Tally the lines of the data below that contain the string "angles". Give the tally and nothing else.

Records supplied —
++++
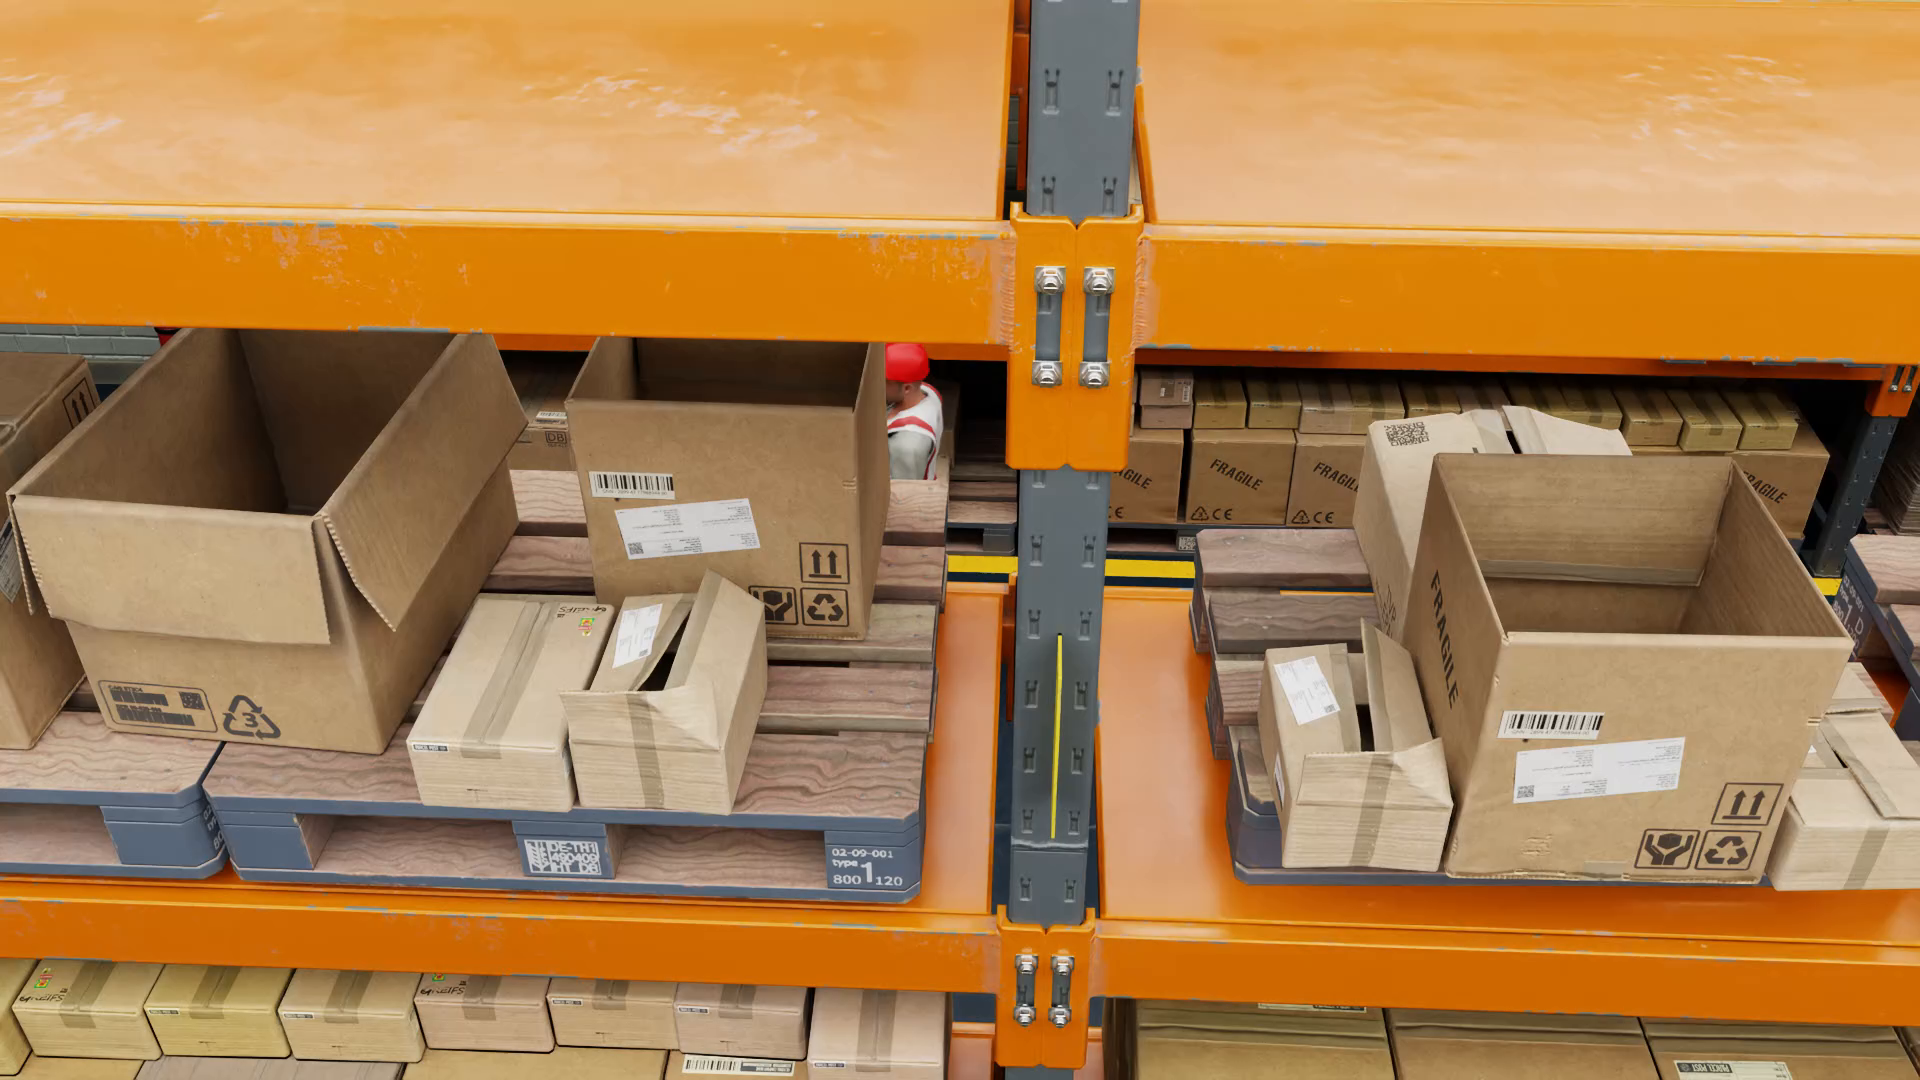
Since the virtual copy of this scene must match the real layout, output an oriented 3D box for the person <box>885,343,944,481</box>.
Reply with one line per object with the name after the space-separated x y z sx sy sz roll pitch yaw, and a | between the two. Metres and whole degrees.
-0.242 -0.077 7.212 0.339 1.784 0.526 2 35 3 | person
++++
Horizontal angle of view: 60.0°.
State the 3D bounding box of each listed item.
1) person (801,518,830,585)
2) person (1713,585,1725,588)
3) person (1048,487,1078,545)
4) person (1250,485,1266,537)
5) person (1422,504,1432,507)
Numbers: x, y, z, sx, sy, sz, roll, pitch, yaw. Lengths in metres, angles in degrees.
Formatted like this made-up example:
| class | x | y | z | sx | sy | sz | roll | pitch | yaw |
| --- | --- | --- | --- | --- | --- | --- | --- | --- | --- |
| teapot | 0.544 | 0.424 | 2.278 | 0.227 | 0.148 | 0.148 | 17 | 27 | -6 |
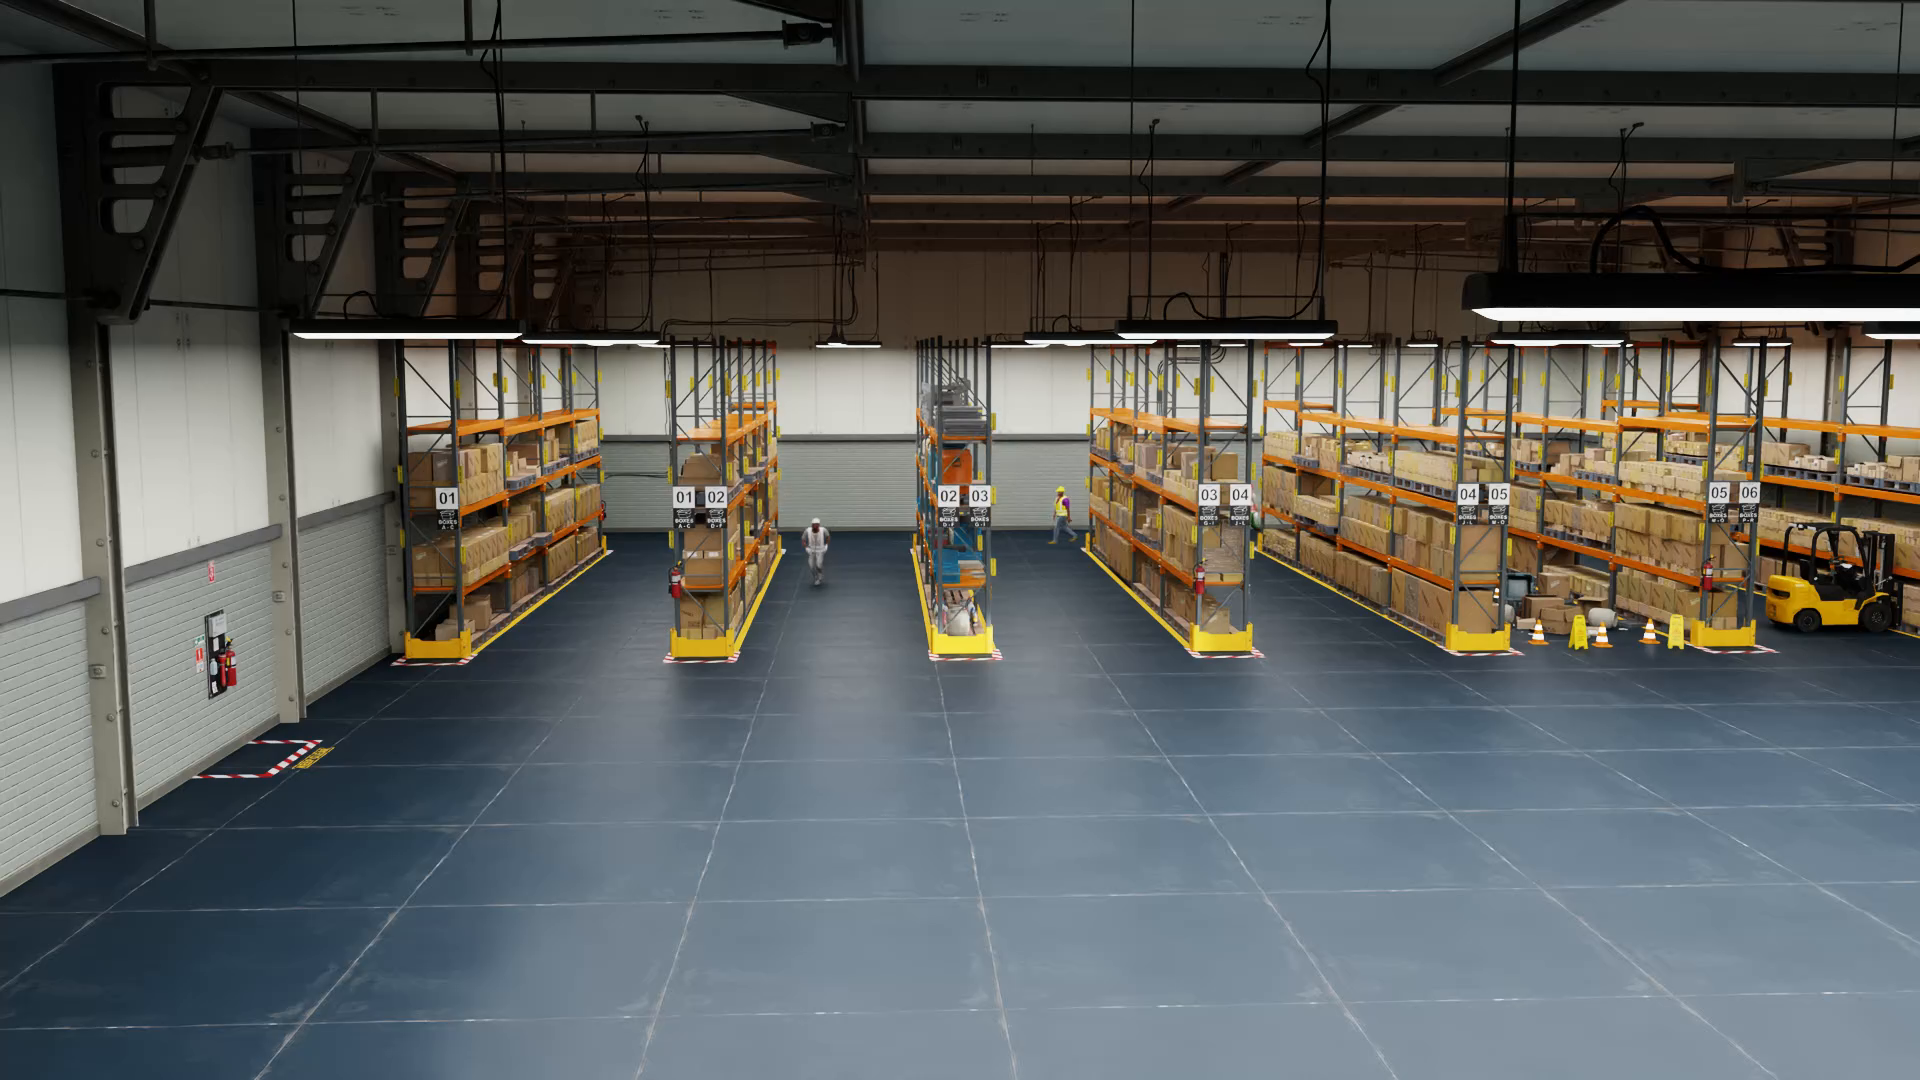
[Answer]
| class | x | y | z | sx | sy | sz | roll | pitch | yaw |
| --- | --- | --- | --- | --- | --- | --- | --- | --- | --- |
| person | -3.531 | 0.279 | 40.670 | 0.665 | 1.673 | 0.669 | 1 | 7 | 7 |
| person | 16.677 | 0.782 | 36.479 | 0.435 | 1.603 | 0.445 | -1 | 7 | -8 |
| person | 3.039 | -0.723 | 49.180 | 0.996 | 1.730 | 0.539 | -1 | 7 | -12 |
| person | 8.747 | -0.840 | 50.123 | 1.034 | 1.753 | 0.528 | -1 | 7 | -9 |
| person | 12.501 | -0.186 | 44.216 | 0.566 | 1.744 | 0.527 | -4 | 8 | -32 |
++++
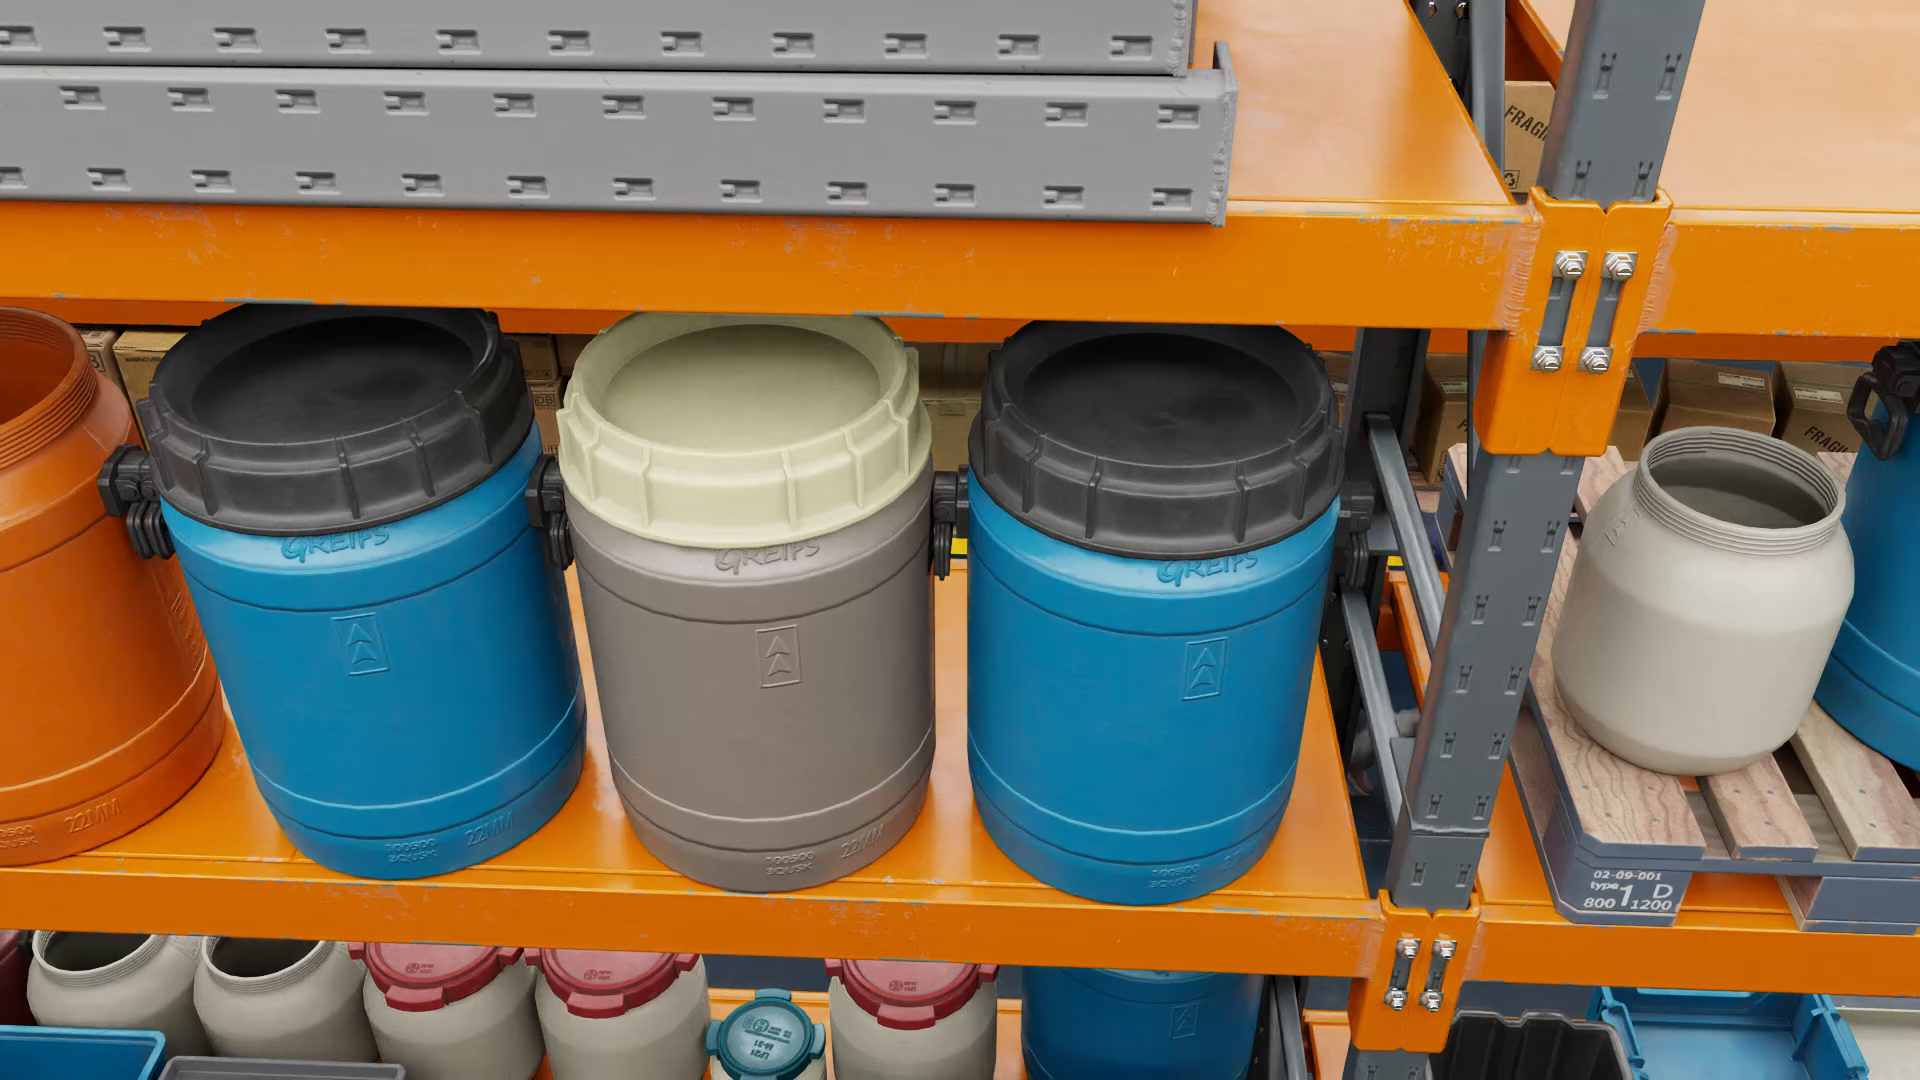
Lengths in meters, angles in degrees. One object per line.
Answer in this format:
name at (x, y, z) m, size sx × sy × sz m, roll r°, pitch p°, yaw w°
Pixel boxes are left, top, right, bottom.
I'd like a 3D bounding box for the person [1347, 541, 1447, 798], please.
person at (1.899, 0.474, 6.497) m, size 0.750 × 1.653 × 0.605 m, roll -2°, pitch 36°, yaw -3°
++++
Response below — 2